Добавить в цитаты Настройки чтения

Страница 94 из 99



— А вот тебе бабушка правильно говорит, вот так! К нам-то ее не приведешь, мне ведь тоже с ней поиграть хочется. Только сам целуешься…

В это время грохнула входная дверь. Серафима вышла в прихожую, и они услышали голос Глеба:

— Теть Серафиме — наше вам!

— Как только не сгоришь от своего зелья! — с чувством упрекнула Серафима племянника.

— Не-ет, теть Серафима, ты спроси меня: почему коза не пьет? Я отвечу: у козы расстройства чувств не бывает.

— «Расстройства чувств», — усмехнулась Серафима. — И какое такое у тебя особое расстройство?

— А как же! У мамки — дом сгорел, а у меня — мечты человека. И заметь — Человека с большой буквы.

— Как бы не так. Человека. Хоть бы с маленькой-то буквой справился, на обыкновенного человека научился походить.

— Короче, теть Серафим: мамка как?

— Проведать надумал?
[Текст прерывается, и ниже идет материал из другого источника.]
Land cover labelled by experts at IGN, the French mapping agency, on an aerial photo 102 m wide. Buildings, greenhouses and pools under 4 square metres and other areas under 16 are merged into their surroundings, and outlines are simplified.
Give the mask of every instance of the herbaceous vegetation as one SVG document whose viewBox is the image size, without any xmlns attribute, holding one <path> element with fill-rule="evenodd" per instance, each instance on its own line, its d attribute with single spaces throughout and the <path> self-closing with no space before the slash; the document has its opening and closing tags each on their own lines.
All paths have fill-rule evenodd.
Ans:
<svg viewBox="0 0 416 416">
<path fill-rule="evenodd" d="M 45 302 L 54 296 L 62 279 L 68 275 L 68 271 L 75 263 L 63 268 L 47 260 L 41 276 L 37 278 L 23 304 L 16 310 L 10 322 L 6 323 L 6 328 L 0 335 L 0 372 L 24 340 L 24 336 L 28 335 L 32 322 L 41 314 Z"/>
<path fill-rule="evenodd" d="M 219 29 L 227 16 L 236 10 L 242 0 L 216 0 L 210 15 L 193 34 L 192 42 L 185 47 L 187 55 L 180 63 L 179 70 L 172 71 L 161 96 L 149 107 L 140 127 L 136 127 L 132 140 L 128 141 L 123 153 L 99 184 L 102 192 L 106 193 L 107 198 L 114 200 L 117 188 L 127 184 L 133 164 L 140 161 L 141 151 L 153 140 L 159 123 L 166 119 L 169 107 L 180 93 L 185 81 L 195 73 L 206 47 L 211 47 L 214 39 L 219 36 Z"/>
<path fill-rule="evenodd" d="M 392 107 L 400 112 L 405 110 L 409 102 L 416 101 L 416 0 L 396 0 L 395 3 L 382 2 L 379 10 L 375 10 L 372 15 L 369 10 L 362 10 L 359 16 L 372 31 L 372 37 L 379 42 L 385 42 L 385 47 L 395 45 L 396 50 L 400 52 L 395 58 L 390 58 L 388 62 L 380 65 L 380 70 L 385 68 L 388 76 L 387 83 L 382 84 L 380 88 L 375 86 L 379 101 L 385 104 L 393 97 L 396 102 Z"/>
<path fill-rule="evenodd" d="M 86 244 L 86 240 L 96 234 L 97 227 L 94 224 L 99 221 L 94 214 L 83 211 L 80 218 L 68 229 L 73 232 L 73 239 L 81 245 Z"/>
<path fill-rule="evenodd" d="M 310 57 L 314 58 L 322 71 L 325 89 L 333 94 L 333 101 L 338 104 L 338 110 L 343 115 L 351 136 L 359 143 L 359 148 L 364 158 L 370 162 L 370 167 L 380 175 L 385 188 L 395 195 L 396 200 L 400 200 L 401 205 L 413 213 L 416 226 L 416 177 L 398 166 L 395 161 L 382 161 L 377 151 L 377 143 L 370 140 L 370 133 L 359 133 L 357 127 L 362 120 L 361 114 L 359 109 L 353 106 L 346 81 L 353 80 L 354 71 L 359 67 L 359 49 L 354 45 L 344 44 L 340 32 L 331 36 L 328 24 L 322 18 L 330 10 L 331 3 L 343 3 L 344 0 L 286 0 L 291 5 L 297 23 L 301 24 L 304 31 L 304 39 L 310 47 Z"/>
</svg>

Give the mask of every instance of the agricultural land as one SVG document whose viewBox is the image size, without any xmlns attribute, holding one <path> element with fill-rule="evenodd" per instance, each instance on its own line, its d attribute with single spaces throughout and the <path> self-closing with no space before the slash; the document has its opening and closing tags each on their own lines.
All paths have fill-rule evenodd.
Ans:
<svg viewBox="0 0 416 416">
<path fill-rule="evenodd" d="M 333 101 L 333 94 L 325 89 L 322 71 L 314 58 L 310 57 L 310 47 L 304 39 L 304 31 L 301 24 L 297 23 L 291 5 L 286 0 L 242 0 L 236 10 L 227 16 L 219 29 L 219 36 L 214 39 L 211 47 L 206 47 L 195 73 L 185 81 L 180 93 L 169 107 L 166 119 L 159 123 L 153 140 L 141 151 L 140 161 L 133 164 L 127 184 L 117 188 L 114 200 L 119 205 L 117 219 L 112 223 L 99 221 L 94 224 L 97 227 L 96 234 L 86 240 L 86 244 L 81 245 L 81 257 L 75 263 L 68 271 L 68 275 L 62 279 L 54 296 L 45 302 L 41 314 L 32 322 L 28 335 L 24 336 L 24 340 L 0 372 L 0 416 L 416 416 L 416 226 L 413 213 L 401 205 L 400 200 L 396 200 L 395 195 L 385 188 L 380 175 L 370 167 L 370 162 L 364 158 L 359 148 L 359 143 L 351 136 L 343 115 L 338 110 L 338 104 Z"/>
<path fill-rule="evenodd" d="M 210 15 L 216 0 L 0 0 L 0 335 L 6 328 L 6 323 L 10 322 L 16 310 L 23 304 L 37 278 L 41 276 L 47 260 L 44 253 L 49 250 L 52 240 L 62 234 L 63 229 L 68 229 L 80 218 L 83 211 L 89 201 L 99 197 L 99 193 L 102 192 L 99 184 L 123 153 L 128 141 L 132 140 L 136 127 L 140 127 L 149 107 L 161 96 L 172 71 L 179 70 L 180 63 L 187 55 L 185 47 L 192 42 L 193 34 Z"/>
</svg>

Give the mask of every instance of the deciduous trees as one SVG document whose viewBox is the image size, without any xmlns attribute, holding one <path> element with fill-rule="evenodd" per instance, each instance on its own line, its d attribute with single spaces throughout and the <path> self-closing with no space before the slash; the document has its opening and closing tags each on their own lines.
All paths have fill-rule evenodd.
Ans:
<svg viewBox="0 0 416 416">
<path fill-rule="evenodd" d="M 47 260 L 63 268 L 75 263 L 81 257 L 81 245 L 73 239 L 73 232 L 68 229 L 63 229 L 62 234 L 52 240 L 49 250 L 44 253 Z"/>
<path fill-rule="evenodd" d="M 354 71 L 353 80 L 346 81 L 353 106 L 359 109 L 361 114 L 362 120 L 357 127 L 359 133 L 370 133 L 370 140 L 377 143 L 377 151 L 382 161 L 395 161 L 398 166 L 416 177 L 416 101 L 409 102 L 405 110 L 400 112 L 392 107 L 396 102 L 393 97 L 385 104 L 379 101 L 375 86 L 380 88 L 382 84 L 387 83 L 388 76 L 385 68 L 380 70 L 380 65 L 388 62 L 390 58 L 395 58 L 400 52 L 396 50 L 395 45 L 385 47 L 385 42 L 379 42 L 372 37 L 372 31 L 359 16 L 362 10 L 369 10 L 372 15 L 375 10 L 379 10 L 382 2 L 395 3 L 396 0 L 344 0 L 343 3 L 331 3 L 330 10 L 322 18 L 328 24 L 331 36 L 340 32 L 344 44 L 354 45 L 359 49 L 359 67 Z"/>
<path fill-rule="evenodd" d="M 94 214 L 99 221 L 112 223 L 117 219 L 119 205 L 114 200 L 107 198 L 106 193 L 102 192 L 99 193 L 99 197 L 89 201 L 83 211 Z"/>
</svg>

И на том спасибо, Иди проходи — они там вместе с Сережей…

Марья Трофимовна лежала полуотвернувшись к стене.

— Ну, ты что, мамка, совсем раскисла? Ты чего? — Глеб присел рядом с кроватью, на стул. — Дым, мамка, все, дым… не переживай! Еще как заживем, погоди! Бог с нуля начинал, а мы что, лучше бога?

— Тише ты, не кричи, не глухая, — сказала Марья Трофимовна.

— Все, заметано. Молчу. — Он поднялся со стула, походил по комнате туда-сюда, как будто покружил по ней, подошел к тумбочке, там лежала сумка Марьи Трофимовны, Глеб пощелкал замком: — У-у, мамка, да ты, оказывается, богатая у нас! Смотри, сколько грошей, а ты… Пятерку даешь любимому сыну? — Глеб двумя пальцами вытянул пятирублевую бумажку, посмотрел ее на свет. — «Обеспечивается всем золотым запасом государства…» Годится.

— Ладно, положи на место, — сказал Сережа.

— А сопливых, между прочим, не спрашивают, — насмешливо растягивая слова, бросил через плечо Глеб.

— Не кричите вы у меня тут под ухом, — поморщилась Марья Трофимовна.



— Слышал, что мать сказала?! — усмехнулся Глеб. — Ну и не вякай! — Продолжая рассматривать пятирублевую на свет, Глеб сделал движение, будто хотел положить деньги в карман.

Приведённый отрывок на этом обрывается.